Only the lines from the start of the entries through the line with "Answer: Emissions from" are wanted; please output them exactly.

[Records excerpted from a collection]
=== Begin Enclosure ===

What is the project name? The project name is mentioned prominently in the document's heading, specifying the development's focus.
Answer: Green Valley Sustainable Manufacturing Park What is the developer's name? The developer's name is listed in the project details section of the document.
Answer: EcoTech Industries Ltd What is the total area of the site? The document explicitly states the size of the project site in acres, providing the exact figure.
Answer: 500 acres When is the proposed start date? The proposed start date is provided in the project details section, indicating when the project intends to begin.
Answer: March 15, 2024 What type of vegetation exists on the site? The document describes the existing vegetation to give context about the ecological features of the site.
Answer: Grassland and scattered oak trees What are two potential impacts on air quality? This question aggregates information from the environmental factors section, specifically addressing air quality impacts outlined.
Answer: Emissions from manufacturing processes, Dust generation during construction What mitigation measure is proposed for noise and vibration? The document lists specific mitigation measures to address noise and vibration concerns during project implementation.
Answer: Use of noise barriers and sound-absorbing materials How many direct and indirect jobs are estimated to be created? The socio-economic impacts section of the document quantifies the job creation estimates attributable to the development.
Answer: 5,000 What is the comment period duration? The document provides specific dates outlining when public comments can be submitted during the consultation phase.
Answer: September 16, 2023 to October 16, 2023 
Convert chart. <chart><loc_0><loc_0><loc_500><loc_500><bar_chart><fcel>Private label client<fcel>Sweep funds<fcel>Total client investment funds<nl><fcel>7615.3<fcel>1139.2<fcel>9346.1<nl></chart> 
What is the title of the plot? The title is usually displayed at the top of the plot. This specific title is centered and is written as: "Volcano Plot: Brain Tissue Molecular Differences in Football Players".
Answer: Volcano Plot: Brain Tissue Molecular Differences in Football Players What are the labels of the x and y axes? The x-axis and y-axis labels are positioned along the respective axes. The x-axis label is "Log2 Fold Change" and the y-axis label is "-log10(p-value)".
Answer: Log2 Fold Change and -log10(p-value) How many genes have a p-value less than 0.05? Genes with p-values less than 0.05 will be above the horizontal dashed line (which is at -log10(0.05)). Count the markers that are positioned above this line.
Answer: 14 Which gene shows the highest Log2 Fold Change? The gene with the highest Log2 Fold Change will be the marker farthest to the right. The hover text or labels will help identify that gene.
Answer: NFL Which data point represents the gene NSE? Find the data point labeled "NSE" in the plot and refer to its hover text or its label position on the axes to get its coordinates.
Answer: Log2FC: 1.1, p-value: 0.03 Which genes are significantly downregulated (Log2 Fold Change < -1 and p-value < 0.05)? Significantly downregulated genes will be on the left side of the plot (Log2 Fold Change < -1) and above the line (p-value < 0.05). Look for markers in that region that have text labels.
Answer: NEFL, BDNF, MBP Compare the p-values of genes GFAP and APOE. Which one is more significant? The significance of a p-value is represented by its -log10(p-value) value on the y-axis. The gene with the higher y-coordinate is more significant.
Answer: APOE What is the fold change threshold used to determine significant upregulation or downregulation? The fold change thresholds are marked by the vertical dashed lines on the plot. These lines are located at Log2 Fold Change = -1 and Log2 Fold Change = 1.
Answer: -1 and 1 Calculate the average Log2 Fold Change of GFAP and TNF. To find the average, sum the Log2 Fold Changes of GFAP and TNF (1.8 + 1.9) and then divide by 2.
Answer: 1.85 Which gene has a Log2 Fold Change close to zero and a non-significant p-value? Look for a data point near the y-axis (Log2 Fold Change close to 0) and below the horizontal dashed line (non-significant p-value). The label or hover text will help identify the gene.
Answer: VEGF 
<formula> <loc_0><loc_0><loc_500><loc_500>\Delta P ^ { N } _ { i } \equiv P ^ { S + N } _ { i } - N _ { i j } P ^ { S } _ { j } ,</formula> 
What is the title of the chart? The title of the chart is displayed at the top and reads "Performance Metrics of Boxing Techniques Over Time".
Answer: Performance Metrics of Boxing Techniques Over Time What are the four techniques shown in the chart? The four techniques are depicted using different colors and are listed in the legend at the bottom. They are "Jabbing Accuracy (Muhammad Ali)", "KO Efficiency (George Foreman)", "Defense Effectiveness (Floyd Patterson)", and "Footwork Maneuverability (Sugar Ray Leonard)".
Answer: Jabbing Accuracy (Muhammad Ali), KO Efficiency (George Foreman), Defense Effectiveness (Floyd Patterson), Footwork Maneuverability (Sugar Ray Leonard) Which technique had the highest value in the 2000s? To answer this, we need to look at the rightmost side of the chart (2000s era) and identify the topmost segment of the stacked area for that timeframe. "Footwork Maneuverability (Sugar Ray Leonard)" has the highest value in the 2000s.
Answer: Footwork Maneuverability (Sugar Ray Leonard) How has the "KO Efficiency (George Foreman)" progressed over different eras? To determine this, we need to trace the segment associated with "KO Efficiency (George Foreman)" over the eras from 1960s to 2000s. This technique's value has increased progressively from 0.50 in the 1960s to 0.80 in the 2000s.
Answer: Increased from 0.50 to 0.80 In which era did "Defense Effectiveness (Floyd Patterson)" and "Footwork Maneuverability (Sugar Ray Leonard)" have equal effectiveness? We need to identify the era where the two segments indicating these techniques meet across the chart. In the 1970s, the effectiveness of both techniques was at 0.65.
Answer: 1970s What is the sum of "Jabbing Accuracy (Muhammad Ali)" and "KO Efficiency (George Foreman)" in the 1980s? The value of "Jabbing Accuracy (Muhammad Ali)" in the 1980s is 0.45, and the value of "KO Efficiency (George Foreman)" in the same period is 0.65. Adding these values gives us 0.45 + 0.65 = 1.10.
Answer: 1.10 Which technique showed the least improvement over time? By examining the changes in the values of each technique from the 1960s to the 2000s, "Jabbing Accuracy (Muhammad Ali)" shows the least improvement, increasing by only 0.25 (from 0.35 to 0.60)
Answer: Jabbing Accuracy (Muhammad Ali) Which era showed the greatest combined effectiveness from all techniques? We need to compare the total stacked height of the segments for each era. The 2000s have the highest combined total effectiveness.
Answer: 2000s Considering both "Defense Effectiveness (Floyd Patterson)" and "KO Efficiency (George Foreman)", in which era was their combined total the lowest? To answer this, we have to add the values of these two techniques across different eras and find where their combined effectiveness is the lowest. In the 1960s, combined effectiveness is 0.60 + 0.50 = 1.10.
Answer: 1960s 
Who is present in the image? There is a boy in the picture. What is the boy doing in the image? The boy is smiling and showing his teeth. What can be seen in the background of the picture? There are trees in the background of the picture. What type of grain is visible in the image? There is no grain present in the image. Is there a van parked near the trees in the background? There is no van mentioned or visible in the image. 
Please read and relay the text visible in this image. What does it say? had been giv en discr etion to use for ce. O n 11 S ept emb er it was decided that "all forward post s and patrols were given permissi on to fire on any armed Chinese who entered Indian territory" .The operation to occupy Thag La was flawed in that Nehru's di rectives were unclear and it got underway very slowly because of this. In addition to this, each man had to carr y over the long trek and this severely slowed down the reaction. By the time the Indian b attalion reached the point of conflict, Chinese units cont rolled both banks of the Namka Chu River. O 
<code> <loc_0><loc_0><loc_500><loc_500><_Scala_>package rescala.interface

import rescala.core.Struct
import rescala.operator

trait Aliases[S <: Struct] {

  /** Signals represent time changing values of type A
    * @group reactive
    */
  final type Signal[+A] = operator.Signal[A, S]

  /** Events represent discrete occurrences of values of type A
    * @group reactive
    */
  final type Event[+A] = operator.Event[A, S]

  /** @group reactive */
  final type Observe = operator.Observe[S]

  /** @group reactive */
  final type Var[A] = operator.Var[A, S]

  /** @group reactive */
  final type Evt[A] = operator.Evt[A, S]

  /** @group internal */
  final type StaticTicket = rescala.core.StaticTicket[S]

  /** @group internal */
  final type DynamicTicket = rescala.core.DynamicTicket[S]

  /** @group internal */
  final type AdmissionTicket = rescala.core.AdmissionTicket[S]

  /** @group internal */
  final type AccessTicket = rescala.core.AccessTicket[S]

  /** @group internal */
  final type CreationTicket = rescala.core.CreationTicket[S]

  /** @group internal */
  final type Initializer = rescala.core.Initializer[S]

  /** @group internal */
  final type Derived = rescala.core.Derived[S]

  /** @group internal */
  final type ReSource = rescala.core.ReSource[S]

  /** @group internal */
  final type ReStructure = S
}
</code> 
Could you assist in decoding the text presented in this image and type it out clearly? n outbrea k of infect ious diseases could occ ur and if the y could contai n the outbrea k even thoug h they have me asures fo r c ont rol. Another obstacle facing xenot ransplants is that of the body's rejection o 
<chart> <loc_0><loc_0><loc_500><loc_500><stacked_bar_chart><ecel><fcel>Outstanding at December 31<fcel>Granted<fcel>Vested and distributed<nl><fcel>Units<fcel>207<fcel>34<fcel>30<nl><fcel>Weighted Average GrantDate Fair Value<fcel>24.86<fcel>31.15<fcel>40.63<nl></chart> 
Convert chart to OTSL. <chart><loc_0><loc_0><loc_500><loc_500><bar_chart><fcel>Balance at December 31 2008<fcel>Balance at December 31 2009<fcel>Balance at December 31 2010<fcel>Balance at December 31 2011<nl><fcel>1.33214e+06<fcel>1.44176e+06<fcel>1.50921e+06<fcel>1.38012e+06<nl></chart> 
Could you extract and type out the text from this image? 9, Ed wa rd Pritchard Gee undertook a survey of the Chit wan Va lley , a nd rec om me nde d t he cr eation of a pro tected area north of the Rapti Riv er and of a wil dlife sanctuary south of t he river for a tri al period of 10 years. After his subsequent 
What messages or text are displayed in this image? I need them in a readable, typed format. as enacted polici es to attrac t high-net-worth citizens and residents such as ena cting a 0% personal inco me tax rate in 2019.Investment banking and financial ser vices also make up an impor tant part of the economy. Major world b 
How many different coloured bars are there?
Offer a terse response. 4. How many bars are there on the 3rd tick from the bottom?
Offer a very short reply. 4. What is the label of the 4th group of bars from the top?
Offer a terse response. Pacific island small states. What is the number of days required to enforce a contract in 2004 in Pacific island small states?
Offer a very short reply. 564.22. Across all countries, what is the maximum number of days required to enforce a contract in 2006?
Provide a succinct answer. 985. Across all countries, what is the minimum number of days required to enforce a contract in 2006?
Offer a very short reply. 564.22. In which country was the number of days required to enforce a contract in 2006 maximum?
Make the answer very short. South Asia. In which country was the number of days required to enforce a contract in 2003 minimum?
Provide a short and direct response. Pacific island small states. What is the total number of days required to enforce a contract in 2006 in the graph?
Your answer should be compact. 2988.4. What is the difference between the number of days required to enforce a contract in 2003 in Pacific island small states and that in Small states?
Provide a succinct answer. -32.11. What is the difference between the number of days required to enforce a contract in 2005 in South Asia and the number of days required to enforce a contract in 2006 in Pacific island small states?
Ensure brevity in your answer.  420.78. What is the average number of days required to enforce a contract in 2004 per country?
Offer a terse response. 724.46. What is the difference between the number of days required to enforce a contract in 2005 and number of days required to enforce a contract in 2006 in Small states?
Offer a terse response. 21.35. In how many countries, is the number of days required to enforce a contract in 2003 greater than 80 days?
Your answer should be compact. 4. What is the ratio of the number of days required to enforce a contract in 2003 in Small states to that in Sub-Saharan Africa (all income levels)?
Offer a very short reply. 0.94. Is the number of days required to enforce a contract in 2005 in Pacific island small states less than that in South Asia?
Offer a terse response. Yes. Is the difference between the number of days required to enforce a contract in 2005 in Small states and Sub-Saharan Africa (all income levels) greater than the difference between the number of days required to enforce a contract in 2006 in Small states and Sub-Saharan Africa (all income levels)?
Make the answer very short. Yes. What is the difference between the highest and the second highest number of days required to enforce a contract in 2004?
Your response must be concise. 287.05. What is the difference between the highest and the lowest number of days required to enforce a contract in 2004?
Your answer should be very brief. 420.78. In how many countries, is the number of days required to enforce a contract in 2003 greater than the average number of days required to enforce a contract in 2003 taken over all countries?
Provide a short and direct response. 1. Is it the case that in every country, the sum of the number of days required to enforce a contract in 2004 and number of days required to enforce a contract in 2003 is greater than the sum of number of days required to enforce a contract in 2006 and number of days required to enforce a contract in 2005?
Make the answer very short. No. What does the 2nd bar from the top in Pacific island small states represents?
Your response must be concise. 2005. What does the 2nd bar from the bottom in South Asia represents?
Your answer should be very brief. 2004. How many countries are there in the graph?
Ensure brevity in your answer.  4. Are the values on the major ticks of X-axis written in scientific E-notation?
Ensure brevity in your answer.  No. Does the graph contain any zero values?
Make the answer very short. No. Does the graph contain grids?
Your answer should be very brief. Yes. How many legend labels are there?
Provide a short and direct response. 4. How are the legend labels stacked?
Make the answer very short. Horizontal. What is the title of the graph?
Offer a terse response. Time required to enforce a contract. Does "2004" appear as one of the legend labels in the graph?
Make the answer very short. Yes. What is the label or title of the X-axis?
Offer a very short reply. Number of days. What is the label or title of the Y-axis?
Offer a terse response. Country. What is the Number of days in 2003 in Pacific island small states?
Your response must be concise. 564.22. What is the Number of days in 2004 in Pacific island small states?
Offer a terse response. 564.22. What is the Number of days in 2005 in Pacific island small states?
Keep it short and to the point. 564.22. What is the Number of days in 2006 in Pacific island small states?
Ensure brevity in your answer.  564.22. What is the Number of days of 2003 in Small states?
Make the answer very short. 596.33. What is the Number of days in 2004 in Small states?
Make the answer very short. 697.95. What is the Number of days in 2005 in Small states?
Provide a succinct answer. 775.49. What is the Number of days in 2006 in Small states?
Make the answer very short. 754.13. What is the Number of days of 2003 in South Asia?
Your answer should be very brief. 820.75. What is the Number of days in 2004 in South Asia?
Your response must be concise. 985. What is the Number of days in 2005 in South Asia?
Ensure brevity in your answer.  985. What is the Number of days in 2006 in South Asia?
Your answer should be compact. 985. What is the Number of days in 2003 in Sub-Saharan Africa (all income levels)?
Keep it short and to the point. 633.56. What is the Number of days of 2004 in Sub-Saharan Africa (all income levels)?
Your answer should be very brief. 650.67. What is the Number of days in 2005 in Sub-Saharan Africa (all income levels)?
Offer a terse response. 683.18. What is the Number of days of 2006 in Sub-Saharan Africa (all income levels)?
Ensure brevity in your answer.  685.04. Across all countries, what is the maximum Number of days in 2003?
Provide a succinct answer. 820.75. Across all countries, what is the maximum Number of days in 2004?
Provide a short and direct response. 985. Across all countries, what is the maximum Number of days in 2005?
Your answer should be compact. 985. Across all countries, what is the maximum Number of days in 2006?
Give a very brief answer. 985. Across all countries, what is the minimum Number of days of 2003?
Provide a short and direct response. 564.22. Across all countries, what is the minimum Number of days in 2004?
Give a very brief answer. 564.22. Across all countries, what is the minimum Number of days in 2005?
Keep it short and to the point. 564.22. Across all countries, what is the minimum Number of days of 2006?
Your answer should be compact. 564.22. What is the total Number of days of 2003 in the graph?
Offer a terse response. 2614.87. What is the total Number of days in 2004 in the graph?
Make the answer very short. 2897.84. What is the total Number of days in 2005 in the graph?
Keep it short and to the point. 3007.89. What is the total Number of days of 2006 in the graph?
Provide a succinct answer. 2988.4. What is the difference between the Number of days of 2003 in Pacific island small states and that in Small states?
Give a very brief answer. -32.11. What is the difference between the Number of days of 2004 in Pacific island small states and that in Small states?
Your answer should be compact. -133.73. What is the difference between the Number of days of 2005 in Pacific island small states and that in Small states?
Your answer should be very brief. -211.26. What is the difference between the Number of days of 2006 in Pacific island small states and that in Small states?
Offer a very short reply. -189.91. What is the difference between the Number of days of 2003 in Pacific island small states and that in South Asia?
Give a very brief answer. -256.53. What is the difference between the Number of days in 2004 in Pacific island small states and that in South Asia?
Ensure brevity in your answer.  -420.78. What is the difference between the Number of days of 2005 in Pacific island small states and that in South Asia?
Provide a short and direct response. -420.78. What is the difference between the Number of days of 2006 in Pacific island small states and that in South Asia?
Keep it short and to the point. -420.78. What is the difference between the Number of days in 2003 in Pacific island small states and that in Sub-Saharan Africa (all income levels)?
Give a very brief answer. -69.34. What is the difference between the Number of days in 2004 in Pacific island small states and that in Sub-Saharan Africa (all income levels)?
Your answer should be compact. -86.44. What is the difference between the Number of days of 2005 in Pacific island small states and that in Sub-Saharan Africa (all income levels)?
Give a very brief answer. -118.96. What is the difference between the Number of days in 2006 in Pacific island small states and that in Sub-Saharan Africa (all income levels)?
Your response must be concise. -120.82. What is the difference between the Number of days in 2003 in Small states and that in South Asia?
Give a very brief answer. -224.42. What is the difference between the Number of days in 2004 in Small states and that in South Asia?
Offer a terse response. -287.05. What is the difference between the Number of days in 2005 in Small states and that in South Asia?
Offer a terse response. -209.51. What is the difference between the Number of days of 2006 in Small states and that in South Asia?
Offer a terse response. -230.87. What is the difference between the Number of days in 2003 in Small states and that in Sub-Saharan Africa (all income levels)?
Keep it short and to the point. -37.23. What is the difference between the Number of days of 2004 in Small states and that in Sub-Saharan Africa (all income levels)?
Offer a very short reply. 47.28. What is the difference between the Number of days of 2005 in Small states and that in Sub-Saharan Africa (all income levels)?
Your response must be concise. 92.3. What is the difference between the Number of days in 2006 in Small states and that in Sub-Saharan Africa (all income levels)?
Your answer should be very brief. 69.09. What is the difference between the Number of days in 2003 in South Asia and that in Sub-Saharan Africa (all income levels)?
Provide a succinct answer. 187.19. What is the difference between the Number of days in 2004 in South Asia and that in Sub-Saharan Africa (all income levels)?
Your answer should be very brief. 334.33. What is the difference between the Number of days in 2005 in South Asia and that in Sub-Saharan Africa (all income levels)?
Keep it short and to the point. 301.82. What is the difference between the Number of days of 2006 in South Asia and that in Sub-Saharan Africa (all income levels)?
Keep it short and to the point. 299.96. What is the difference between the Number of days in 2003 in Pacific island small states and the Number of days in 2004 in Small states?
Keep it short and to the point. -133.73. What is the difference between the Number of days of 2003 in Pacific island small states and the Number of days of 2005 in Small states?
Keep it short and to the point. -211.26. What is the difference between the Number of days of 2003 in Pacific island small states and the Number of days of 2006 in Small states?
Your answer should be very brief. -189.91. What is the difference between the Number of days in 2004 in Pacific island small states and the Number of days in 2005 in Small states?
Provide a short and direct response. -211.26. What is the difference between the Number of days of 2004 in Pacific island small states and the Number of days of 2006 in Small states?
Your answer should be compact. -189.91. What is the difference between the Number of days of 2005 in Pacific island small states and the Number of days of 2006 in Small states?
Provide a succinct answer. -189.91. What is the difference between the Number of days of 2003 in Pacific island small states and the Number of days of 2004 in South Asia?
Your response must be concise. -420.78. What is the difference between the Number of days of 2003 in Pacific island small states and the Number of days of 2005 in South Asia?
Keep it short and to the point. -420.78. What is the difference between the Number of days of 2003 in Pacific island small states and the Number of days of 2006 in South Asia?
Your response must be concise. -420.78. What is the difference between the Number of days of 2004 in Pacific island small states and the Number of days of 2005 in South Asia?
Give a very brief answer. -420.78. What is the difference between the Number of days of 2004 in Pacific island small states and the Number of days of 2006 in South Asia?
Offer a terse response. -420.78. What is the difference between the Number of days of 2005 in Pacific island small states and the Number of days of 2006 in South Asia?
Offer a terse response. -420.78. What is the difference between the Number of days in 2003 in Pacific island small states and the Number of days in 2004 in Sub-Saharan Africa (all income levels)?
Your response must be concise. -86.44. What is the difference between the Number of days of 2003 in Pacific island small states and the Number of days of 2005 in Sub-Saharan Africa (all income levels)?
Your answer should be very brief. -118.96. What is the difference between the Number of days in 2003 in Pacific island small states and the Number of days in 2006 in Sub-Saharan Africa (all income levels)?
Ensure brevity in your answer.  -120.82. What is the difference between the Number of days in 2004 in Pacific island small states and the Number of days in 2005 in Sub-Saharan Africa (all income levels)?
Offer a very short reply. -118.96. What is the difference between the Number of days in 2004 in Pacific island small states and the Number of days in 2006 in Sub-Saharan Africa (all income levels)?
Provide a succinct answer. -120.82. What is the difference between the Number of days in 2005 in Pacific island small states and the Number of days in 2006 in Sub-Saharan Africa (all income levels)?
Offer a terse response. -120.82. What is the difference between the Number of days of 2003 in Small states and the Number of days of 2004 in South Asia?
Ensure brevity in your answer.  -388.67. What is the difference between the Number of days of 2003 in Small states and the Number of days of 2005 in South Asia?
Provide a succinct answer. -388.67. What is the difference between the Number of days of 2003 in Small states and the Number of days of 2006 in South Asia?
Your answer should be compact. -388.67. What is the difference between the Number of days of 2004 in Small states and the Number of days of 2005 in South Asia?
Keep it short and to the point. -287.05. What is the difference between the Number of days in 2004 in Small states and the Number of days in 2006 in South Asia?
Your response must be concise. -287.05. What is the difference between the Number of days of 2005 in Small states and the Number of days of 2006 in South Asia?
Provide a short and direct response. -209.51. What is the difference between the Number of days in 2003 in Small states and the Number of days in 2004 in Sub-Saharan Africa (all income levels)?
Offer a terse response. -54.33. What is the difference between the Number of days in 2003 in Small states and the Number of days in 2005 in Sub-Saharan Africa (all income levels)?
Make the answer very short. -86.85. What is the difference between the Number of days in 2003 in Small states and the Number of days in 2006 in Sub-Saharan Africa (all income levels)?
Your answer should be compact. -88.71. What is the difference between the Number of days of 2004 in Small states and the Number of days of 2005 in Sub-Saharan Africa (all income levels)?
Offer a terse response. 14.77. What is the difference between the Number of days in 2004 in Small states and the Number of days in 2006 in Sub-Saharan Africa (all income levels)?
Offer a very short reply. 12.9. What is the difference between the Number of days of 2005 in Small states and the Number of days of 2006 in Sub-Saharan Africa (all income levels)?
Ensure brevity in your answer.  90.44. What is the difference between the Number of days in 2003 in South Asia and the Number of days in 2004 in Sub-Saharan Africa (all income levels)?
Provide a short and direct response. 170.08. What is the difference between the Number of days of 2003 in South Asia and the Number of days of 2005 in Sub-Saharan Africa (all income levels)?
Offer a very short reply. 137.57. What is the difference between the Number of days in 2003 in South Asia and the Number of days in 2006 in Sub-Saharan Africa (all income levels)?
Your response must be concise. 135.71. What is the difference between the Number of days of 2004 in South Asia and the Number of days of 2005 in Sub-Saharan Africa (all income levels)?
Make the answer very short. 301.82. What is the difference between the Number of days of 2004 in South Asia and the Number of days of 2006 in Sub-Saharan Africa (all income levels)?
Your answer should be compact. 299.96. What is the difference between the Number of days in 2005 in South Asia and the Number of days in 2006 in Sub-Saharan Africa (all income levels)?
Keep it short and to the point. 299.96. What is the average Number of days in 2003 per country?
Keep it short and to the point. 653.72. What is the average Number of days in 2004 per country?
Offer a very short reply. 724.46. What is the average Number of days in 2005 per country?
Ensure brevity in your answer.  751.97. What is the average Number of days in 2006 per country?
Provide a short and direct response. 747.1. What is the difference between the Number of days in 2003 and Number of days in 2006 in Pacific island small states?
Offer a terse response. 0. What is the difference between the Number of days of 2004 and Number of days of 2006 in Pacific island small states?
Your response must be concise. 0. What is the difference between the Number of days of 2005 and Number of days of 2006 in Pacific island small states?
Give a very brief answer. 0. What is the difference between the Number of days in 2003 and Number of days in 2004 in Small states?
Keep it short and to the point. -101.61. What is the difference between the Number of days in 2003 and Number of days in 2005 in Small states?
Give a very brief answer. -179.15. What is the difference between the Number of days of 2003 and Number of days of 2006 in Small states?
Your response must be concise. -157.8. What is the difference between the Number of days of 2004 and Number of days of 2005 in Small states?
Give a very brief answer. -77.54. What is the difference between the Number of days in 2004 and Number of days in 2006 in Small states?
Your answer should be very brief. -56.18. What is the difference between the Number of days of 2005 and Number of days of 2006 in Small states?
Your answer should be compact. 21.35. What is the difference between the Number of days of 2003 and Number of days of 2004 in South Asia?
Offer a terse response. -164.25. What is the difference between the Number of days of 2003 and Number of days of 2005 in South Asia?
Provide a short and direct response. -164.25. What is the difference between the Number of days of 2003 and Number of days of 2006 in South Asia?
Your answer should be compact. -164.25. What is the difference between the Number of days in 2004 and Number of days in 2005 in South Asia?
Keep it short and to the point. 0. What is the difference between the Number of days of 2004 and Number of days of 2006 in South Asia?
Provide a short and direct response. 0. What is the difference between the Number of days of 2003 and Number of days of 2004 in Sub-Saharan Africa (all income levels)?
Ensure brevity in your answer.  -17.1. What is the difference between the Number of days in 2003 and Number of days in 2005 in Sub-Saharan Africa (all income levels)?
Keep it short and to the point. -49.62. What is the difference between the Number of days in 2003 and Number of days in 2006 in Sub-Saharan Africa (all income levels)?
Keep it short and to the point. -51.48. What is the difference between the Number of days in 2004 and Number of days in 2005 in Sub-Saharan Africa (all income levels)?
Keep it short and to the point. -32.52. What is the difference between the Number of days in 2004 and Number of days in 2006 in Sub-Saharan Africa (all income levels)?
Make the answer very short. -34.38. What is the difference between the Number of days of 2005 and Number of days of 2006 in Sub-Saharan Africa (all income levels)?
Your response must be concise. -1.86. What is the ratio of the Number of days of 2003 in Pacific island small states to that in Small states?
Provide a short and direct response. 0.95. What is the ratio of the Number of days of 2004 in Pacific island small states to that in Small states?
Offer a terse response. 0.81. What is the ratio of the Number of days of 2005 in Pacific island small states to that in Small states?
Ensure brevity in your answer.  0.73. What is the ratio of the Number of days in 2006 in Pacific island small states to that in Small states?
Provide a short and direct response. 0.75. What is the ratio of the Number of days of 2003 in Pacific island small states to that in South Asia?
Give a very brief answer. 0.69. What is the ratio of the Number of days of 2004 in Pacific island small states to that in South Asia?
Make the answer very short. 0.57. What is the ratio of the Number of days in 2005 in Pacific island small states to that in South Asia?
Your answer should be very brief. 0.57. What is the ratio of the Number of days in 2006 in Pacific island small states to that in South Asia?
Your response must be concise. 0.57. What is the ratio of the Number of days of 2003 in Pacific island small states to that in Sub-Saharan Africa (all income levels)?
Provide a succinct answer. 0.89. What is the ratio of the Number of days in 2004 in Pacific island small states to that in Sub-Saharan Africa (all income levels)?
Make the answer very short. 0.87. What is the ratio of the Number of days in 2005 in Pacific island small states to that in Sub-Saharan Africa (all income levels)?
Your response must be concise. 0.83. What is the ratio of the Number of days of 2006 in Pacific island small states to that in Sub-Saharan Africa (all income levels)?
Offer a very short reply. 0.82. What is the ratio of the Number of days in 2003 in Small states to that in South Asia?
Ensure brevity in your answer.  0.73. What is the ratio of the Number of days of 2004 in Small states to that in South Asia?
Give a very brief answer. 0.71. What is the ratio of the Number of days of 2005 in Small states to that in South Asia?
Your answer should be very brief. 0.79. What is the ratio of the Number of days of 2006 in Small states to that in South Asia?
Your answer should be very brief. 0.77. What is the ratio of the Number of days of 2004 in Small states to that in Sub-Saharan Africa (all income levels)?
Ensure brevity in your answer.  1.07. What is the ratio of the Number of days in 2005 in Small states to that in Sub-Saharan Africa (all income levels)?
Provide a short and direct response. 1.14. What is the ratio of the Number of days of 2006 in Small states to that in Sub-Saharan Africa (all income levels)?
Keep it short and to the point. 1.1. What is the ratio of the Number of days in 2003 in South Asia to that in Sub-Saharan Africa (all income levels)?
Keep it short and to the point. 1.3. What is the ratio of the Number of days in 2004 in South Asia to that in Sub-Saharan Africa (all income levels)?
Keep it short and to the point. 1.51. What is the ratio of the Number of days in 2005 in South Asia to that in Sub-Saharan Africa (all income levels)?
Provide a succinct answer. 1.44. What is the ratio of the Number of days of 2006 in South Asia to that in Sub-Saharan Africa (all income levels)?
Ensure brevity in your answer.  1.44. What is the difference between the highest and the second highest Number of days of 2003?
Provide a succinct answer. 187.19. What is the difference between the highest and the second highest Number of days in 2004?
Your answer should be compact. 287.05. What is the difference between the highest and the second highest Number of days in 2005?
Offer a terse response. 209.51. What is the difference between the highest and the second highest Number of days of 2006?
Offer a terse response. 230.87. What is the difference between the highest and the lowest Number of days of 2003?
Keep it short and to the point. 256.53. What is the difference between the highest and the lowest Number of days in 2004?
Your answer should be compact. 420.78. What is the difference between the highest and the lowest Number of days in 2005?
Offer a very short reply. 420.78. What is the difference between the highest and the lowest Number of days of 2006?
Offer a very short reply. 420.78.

=== End Enclosure ===

[Solution to this exercise]
What is the project name? The project name is mentioned prominently in the document's heading, specifying the development's focus.
Answer: Green Valley Sustainable Manufacturing Park What is the developer's name? The developer's name is listed in the project details section of the document.
Answer: EcoTech Industries Ltd What is the total area of the site? The document explicitly states the size of the project site in acres, providing the exact figure.
Answer: 500 acres When is the proposed start date? The proposed start date is provided in the project details section, indicating when the project intends to begin.
Answer: March 15, 2024 What type of vegetation exists on the site? The document describes the existing vegetation to give context about the ecological features of the site.
Answer: Grassland and scattered oak trees What are two potential impacts on air quality? This question aggregates information from the environmental factors section, specifically addressing air quality impacts outlined.
Answer: Emissions from manufacturing processes, Dust generation during construction What mitigation measure is proposed for noise and vibration? The document lists specific mitigation measures to address noise and vibration concerns during project implementation.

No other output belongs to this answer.